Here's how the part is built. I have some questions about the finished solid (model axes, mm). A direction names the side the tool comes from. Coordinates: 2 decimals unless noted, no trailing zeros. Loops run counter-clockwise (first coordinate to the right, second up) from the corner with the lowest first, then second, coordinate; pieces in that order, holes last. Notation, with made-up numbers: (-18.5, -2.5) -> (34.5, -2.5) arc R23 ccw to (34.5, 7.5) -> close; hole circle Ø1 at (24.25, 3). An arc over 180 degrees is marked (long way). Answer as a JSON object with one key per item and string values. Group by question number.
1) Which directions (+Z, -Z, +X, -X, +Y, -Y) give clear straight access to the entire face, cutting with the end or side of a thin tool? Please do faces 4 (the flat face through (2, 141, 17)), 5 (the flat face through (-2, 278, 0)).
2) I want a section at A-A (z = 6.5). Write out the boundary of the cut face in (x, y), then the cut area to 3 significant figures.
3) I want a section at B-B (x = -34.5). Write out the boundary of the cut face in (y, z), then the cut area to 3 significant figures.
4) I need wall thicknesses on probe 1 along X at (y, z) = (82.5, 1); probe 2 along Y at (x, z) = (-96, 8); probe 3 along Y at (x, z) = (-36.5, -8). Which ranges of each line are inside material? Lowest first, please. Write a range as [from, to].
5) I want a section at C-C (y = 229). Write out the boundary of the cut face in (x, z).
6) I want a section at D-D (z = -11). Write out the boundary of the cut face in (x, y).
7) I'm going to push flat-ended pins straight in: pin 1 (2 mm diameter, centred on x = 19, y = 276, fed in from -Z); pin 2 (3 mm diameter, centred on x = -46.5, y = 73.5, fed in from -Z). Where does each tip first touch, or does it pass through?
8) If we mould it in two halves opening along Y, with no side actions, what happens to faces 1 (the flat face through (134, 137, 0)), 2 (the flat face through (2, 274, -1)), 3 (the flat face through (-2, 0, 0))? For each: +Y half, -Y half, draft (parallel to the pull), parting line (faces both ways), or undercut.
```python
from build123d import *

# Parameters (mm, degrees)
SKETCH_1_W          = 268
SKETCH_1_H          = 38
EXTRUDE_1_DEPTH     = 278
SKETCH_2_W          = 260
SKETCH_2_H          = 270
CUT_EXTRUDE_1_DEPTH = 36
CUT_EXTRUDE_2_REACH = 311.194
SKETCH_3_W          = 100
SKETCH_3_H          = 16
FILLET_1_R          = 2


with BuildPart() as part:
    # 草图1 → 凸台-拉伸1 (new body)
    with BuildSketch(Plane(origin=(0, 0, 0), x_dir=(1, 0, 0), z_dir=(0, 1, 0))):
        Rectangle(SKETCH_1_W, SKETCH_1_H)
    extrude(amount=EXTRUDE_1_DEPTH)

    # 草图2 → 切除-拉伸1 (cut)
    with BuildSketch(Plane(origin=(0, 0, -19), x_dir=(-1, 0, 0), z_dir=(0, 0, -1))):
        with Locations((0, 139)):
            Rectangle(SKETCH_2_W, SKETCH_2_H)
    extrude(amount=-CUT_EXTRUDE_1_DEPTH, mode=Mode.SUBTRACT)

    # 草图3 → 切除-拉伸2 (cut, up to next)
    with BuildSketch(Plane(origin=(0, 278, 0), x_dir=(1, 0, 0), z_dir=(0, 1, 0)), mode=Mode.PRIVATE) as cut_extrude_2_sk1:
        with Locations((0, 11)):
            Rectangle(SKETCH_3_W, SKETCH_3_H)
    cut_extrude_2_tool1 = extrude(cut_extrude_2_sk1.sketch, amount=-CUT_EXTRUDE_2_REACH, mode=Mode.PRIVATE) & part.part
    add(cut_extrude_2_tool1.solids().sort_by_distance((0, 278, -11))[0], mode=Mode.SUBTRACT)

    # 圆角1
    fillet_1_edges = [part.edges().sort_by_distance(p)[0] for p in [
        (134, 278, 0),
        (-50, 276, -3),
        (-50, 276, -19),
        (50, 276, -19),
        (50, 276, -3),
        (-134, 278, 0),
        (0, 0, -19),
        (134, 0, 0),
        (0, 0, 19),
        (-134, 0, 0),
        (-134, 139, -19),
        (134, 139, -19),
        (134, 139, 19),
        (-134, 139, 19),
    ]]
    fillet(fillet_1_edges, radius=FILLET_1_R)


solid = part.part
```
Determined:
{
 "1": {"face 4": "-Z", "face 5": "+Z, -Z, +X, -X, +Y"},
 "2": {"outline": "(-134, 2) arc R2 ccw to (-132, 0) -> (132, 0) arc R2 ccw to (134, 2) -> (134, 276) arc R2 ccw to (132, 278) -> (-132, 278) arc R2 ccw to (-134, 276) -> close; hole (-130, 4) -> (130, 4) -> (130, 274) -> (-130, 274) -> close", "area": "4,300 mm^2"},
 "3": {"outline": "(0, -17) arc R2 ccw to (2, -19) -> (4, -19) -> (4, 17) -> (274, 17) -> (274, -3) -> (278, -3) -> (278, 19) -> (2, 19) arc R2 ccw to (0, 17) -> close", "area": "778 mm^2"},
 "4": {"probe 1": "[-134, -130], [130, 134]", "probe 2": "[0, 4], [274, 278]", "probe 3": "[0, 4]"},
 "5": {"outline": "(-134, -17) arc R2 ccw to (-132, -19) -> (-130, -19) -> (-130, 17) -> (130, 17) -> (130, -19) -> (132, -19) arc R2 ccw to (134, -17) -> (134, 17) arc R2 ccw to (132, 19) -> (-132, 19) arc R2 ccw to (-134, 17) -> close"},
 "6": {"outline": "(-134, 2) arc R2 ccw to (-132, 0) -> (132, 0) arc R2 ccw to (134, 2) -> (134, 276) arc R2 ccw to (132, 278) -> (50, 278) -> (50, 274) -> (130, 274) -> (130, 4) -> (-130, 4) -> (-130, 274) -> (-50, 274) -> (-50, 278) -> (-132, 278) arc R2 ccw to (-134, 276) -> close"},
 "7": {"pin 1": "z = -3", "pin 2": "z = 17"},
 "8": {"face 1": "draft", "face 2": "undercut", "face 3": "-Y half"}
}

○ ○ ○

### PROBLEM TO WORK ON
Write the material out again word for word.

### TASK OUTPUT
Here's how the part is built. I have some questions about the finished solid (model axes, mm). A direction names the side the tool comes from. Coordinates: 2 decimals unless noted, no trailing zeros. Loops run counter-clockwise (first coordinate to the right, second up) from the corner with the lowest first, then second, coordinate; pieces in that order, holes last. Notation, with made-up numbers: (-18.5, -2.5) -> (34.5, -2.5) arc R23 ccw to (34.5, 7.5) -> close; hole circle Ø1 at (24.25, 3). An arc over 180 degrees is marked (long way). Answer as a JSON object with one key per item and string values. Group by question number.
1) Which directions (+Z, -Z, +X, -X, +Y, -Y) give clear straight access to the entire face, cutting with the end or side of a thin tool? Please do faces 4 (the flat face through (2, 141, 17)), 5 (the flat face through (-2, 278, 0)).
2) I want a section at A-A (z = 6.5). Write out the boundary of the cut face in (x, y), then the cut area to 3 significant figures.
3) I want a section at B-B (x = -34.5). Write out the boundary of the cut face in (y, z), then the cut area to 3 significant figures.
4) I need wall thicknesses on probe 1 along X at (y, z) = (82.5, 1); probe 2 along Y at (x, z) = (-96, 8); probe 3 along Y at (x, z) = (-36.5, -8). Which ranges of each line are inside material? Lowest first, please. Write a range as [from, to].
5) I want a section at C-C (y = 229). Write out the boundary of the cut face in (x, z).
6) I want a section at D-D (z = -11). Write out the boundary of the cut face in (x, y).
7) I'm going to push flat-ended pins straight in: pin 1 (2 mm diameter, centred on x = 19, y = 276, fed in from -Z); pin 2 (3 mm diameter, centred on x = -46.5, y = 73.5, fed in from -Z). Where does each tip first touch, or does it pass through?
8) If we mould it in two halves opening along Y, with no side actions, what happens to faces 1 (the flat face through (134, 137, 0)), 2 (the flat face through (2, 274, -1)), 3 (the flat face through (-2, 0, 0))? For each: +Y half, -Y half, draft (parallel to the pull), parting line (faces both ways), or undercut.
```python
from build123d import *

# Parameters (mm, degrees)
SKETCH_1_W          = 268
SKETCH_1_H          = 38
EXTRUDE_1_DEPTH     = 278
SKETCH_2_W          = 260
SKETCH_2_H          = 270
CUT_EXTRUDE_1_DEPTH = 36
CUT_EXTRUDE_2_REACH = 311.194
SKETCH_3_W          = 100
SKETCH_3_H          = 16
FILLET_1_R          = 2


with BuildPart() as part:
    # 草图1 → 凸台-拉伸1 (new body)
    with BuildSketch(Plane(origin=(0, 0, 0), x_dir=(1, 0, 0), z_dir=(0, 1, 0))):
        Rectangle(SKETCH_1_W, SKETCH_1_H)
    extrude(amount=EXTRUDE_1_DEPTH)

    # 草图2 → 切除-拉伸1 (cut)
    with BuildSketch(Plane(origin=(0, 0, -19), x_dir=(-1, 0, 0), z_dir=(0, 0, -1))):
        with Locations((0, 139)):
            Rectangle(SKETCH_2_W, SKETCH_2_H)
    extrude(amount=-CUT_EXTRUDE_1_DEPTH, mode=Mode.SUBTRACT)

    # 草图3 → 切除-拉伸2 (cut, up to next)
    with BuildSketch(Plane(origin=(0, 278, 0), x_dir=(1, 0, 0), z_dir=(0, 1, 0)), mode=Mode.PRIVATE) as cut_extrude_2_sk1:
        with Locations((0, 11)):
            Rectangle(SKETCH_3_W, SKETCH_3_H)
    cut_extrude_2_tool1 = extrude(cut_extrude_2_sk1.sketch, amount=-CUT_EXTRUDE_2_REACH, mode=Mode.PRIVATE) & part.part
    add(cut_extrude_2_tool1.solids().sort_by_distance((0, 278, -11))[0], mode=Mode.SUBTRACT)

    # 圆角1
    fillet_1_edges = [part.edges().sort_by_distance(p)[0] for p in [
        (134, 278, 0),
        (-50, 276, -3),
        (-50, 276, -19),
        (50, 276, -19),
        (50, 276, -3),
        (-134, 278, 0),
        (0, 0, -19),
        (134, 0, 0),
        (0, 0, 19),
        (-134, 0, 0),
        (-134, 139, -19),
        (134, 139, -19),
        (134, 139, 19),
        (-134, 139, 19),
    ]]
    fillet(fillet_1_edges, radius=FILLET_1_R)


solid = part.part
```
Determined:
{
 "1": {"face 4": "-Z", "face 5": "+Z, -Z, +X, -X, +Y"},
 "2": {"outline": "(-134, 2) arc R2 ccw to (-132, 0) -> (132, 0) arc R2 ccw to (134, 2) -> (134, 276) arc R2 ccw to (132, 278) -> (-132, 278) arc R2 ccw to (-134, 276) -> close; hole (-130, 4) -> (130, 4) -> (130, 274) -> (-130, 274) -> close", "area": "4,300 mm^2"},
 "3": {"outline": "(0, -17) arc R2 ccw to (2, -19) -> (4, -19) -> (4, 17) -> (274, 17) -> (274, -3) -> (278, -3) -> (278, 19) -> (2, 19) arc R2 ccw to (0, 17) -> close", "area": "778 mm^2"},
 "4": {"probe 1": "[-134, -130], [130, 134]", "probe 2": "[0, 4], [274, 278]", "probe 3": "[0, 4]"},
 "5": {"outline": "(-134, -17) arc R2 ccw to (-132, -19) -> (-130, -19) -> (-130, 17) -> (130, 17) -> (130, -19) -> (132, -19) arc R2 ccw to (134, -17) -> (134, 17) arc R2 ccw to (132, 19) -> (-132, 19) arc R2 ccw to (-134, 17) -> close"},
 "6": {"outline": "(-134, 2) arc R2 ccw to (-132, 0) -> (132, 0) arc R2 ccw to (134, 2) -> (134, 276) arc R2 ccw to (132, 278) -> (50, 278) -> (50, 274) -> (130, 274) -> (130, 4) -> (-130, 4) -> (-130, 274) -> (-50, 274) -> (-50, 278) -> (-132, 278) arc R2 ccw to (-134, 276) -> close"},
 "7": {"pin 1": "z = -3", "pin 2": "z = 17"},
 "8": {"face 1": "draft", "face 2": "undercut", "face 3": "-Y half"}
}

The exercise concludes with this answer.